- Instructions to follow
In the data below, which lines hold "percussion"? Copy every one.

---------- Records supplied ----------

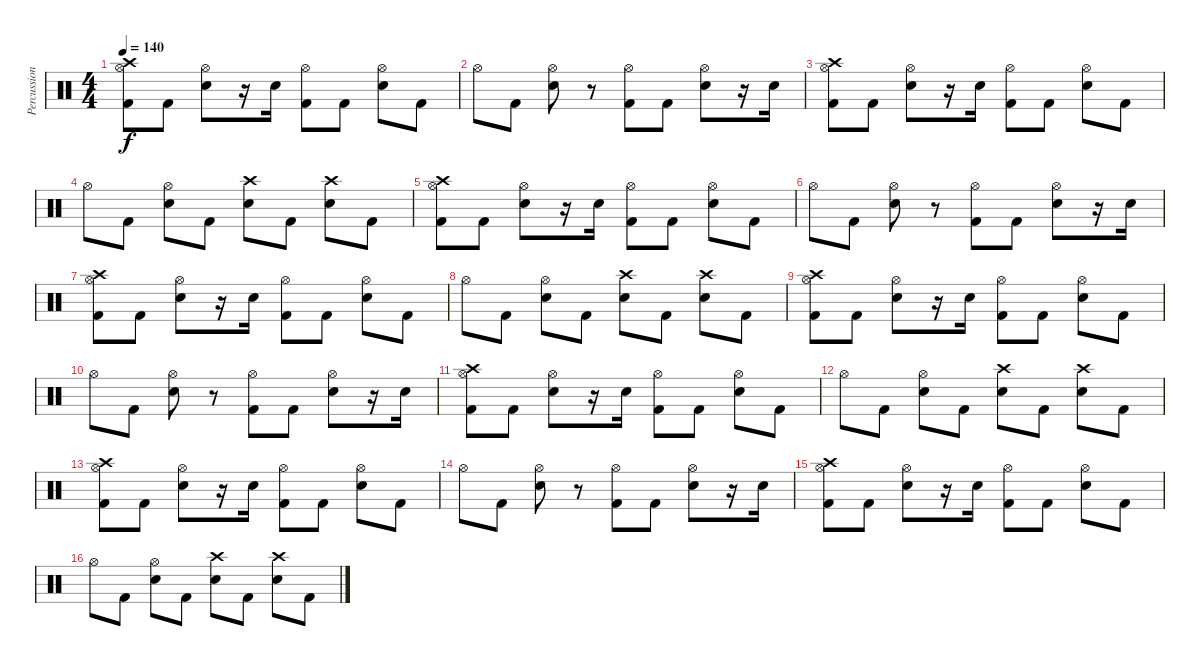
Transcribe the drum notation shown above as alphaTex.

\track ("Percussion" "Percussion") {instrument percussion}
\staff {score}
\articulation defaults
\ts (4 4)
\tempo 140
\clef neutral
\ks c
("Kick (hit) 2" "Hi-Hat (open)" "Crash high (hit)").8{dy f} "Kick (hit) 2".8 ("Snare (hit) 2" "Hi-Hat (open)").8 r.16 "Snare (hit) 2".16 ("Kick (hit) 2" "Hi-Hat (open)").8 "Kick (hit) 2".8 ("Snare (hit) 2" "Hi-Hat (open)").8 "Kick (hit) 2".8 |
"Hi-Hat (open)".8 "Kick (hit) 2".8 ("Snare (hit) 2" "Hi-Hat (open)").8 r.8 ("Kick (hit) 2" "Hi-Hat (open)").8 "Kick (hit) 2".8 ("Snare (hit) 2" "Hi-Hat (open)").8 r.16 "Snare (hit) 2".16 |
("Kick (hit) 2" "Hi-Hat (open)" "Crash high (hit)").8 "Kick (hit) 2".8 ("Snare (hit) 2" "Hi-Hat (open)").8 r.16 "Snare (hit) 2".16 ("Kick (hit) 2" "Hi-Hat (open)").8 "Kick (hit) 2".8 ("Snare (hit) 2" "Hi-Hat (open)").8 "Kick (hit) 2".8 |
"Hi-Hat (open)".8 "Kick (hit) 2".8 ("Snare (hit) 2" "Hi-Hat (open)").8 "Kick (hit) 2".8 ("Snare (hit) 2" "Crash high (hit)").8 "Kick (hit) 2".8 ("Snare (hit) 2" "Crash high (hit)").8 "Kick (hit) 2".8 |
("Kick (hit) 2" "Hi-Hat (open)" "Crash high (hit)").8 "Kick (hit) 2".8 ("Snare (hit) 2" "Hi-Hat (open)").8 r.16 "Snare (hit) 2".16 ("Kick (hit) 2" "Hi-Hat (open)").8 "Kick (hit) 2".8 ("Snare (hit) 2" "Hi-Hat (open)").8 "Kick (hit) 2".8 |
"Hi-Hat (open)".8 "Kick (hit) 2".8 ("Snare (hit) 2" "Hi-Hat (open)").8 r.8 ("Kick (hit) 2" "Hi-Hat (open)").8 "Kick (hit) 2".8 ("Snare (hit) 2" "Hi-Hat (open)").8 r.16 "Snare (hit) 2".16 |
("Kick (hit) 2" "Hi-Hat (open)" "Crash high (hit)").8 "Kick (hit) 2".8 ("Snare (hit) 2" "Hi-Hat (open)").8 r.16 "Snare (hit) 2".16 ("Kick (hit) 2" "Hi-Hat (open)").8 "Kick (hit) 2".8 ("Snare (hit) 2" "Hi-Hat (open)").8 "Kick (hit) 2".8 |
"Hi-Hat (open)".8 "Kick (hit) 2".8 ("Snare (hit) 2" "Hi-Hat (open)").8 "Kick (hit) 2".8 ("Snare (hit) 2" "Crash high (hit)").8 "Kick (hit) 2".8 ("Snare (hit) 2" "Crash high (hit)").8 "Kick (hit) 2".8 |
("Kick (hit) 2" "Hi-Hat (open)" "Crash high (hit)").8 "Kick (hit) 2".8 ("Snare (hit) 2" "Hi-Hat (open)").8 r.16 "Snare (hit) 2".16 ("Kick (hit) 2" "Hi-Hat (open)").8 "Kick (hit) 2".8 ("Snare (hit) 2" "Hi-Hat (open)").8 "Kick (hit) 2".8 |
"Hi-Hat (open)".8 "Kick (hit) 2".8 ("Snare (hit) 2" "Hi-Hat (open)").8 r.8 ("Kick (hit) 2" "Hi-Hat (open)").8 "Kick (hit) 2".8 ("Snare (hit) 2" "Hi-Hat (open)").8 r.16 "Snare (hit) 2".16 |
("Kick (hit) 2" "Hi-Hat (open)" "Crash high (hit)").8 "Kick (hit) 2".8 ("Snare (hit) 2" "Hi-Hat (open)").8 r.16 "Snare (hit) 2".16 ("Kick (hit) 2" "Hi-Hat (open)").8 "Kick (hit) 2".8 ("Snare (hit) 2" "Hi-Hat (open)").8 "Kick (hit) 2".8 |
"Hi-Hat (open)".8 "Kick (hit) 2".8 ("Snare (hit) 2" "Hi-Hat (open)").8 "Kick (hit) 2".8 ("Snare (hit) 2" "Crash high (hit)").8 "Kick (hit) 2".8 ("Snare (hit) 2" "Crash high (hit)").8 "Kick (hit) 2".8 |
("Kick (hit) 2" "Hi-Hat (open)" "Crash high (hit)").8 "Kick (hit) 2".8 ("Snare (hit) 2" "Hi-Hat (open)").8 r.16 "Snare (hit) 2".16 ("Kick (hit) 2" "Hi-Hat (open)").8 "Kick (hit) 2".8 ("Snare (hit) 2" "Hi-Hat (open)").8 "Kick (hit) 2".8 |
"Hi-Hat (open)".8 "Kick (hit) 2".8 ("Snare (hit) 2" "Hi-Hat (open)").8 r.8 ("Kick (hit) 2" "Hi-Hat (open)").8 "Kick (hit) 2".8 ("Snare (hit) 2" "Hi-Hat (open)").8 r.16 "Snare (hit) 2".16 |
("Kick (hit) 2" "Hi-Hat (open)" "Crash high (hit)").8 "Kick (hit) 2".8 ("Snare (hit) 2" "Hi-Hat (open)").8 r.16 "Snare (hit) 2".16 ("Kick (hit) 2" "Hi-Hat (open)").8 "Kick (hit) 2".8 ("Snare (hit) 2" "Hi-Hat (open)").8 "Kick (hit) 2".8 |
"Hi-Hat (open)".8 "Kick (hit) 2".8 ("Snare (hit) 2" "Hi-Hat (open)").8 "Kick (hit) 2".8 ("Snare (hit) 2" "Crash high (hit)").8 "Kick (hit) 2".8 ("Snare (hit) 2" "Crash high (hit)").8 "Kick (hit) 2".8
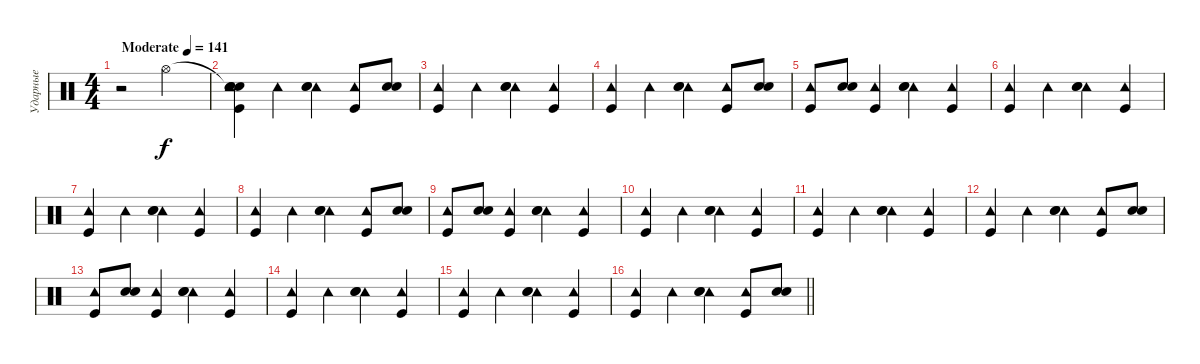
\track ("Ударные" "Ударные") {instrument percussion}
\staff {score}
\articulation defaults
\ts (4 4)
\tempo (141 "Moderate")
\clef neutral
\ks c
r.2{dy f} "Hi-Hat (open)".2 |
("Snare (hit)"{t} "Tambourine (hit)" "Snare (hit) 2" "Kick (hit)" "Electric Snare (hit)").4 "Tambourine (hit)".4 ("Tambourine (hit)" "Snare (hit) 2" "Electric Snare (hit)").4 ("Tambourine (hit)" "Kick (hit)").8 ("Snare (hit) 2" "Electric Snare (hit)").8 |
("Tambourine (hit)" "Kick (hit)").4 "Tambourine (hit)".4 ("Tambourine (hit)" "Snare (hit) 2" "Electric Snare (hit)").4 ("Tambourine (hit)" "Kick (hit)").4 |
("Tambourine (hit)" "Kick (hit)").4 "Tambourine (hit)".4 ("Tambourine (hit)" "Snare (hit) 2" "Electric Snare (hit)").4 ("Tambourine (hit)" "Kick (hit)").8 ("Snare (hit) 2" "Electric Snare (hit)").8 |
("Tambourine (hit)" "Kick (hit)").8 ("Snare (hit) 2" "Electric Snare (hit)").8 ("Tambourine (hit)" "Kick (hit)").4 ("Tambourine (hit)" "Snare (hit) 2" "Electric Snare (hit)").4 ("Tambourine (hit)" "Kick (hit)").4 |
("Tambourine (hit)" "Kick (hit)").4 "Tambourine (hit)".4 ("Tambourine (hit)" "Snare (hit) 2" "Electric Snare (hit)").4 ("Tambourine (hit)" "Kick (hit)").4 |
("Tambourine (hit)" "Kick (hit)").4 "Tambourine (hit)".4 ("Tambourine (hit)" "Snare (hit) 2" "Electric Snare (hit)").4 ("Tambourine (hit)" "Kick (hit)").4 |
("Tambourine (hit)" "Kick (hit)").4 "Tambourine (hit)".4 ("Tambourine (hit)" "Snare (hit) 2" "Electric Snare (hit)").4 ("Tambourine (hit)" "Kick (hit)").8 ("Snare (hit) 2" "Electric Snare (hit)").8 |
("Tambourine (hit)" "Kick (hit)").8 ("Snare (hit) 2" "Electric Snare (hit)").8 ("Tambourine (hit)" "Kick (hit)").4 ("Tambourine (hit)" "Snare (hit) 2" "Electric Snare (hit)").4 ("Tambourine (hit)" "Kick (hit)").4 |
("Tambourine (hit)" "Kick (hit)").4 "Tambourine (hit)".4 ("Tambourine (hit)" "Snare (hit) 2" "Electric Snare (hit)").4 ("Tambourine (hit)" "Kick (hit)").4 |
("Tambourine (hit)" "Kick (hit)").4 "Tambourine (hit)".4 ("Tambourine (hit)" "Snare (hit) 2" "Electric Snare (hit)").4 ("Tambourine (hit)" "Kick (hit)").4 |
("Tambourine (hit)" "Kick (hit)").4 "Tambourine (hit)".4 ("Tambourine (hit)" "Snare (hit) 2" "Electric Snare (hit)").4 ("Tambourine (hit)" "Kick (hit)").8 ("Snare (hit) 2" "Electric Snare (hit)").8 |
("Tambourine (hit)" "Kick (hit)").8 ("Snare (hit) 2" "Electric Snare (hit)").8 ("Tambourine (hit)" "Kick (hit)").4 ("Tambourine (hit)" "Snare (hit) 2" "Electric Snare (hit)").4 ("Tambourine (hit)" "Kick (hit)").4 |
("Tambourine (hit)" "Kick (hit)").4 "Tambourine (hit)".4 ("Tambourine (hit)" "Snare (hit) 2" "Electric Snare (hit)").4 ("Tambourine (hit)" "Kick (hit)").4 |
("Tambourine (hit)" "Kick (hit)").4 "Tambourine (hit)".4 ("Tambourine (hit)" "Snare (hit) 2" "Electric Snare (hit)").4 ("Tambourine (hit)" "Kick (hit)").4 |
\barLineRight lightlight
("Tambourine (hit)" "Kick (hit)").4 "Tambourine (hit)".4 ("Tambourine (hit)" "Snare (hit) 2" "Electric Snare (hit)").4 ("Tambourine (hit)" "Kick (hit)").8 ("Snare (hit) 2" "Electric Snare (hit)").8

----------

- Solution for this task
\track ("Percussion" "Percussion") {instrument percussion}
\track ("Ударные" "Ударные") {instrument percussion}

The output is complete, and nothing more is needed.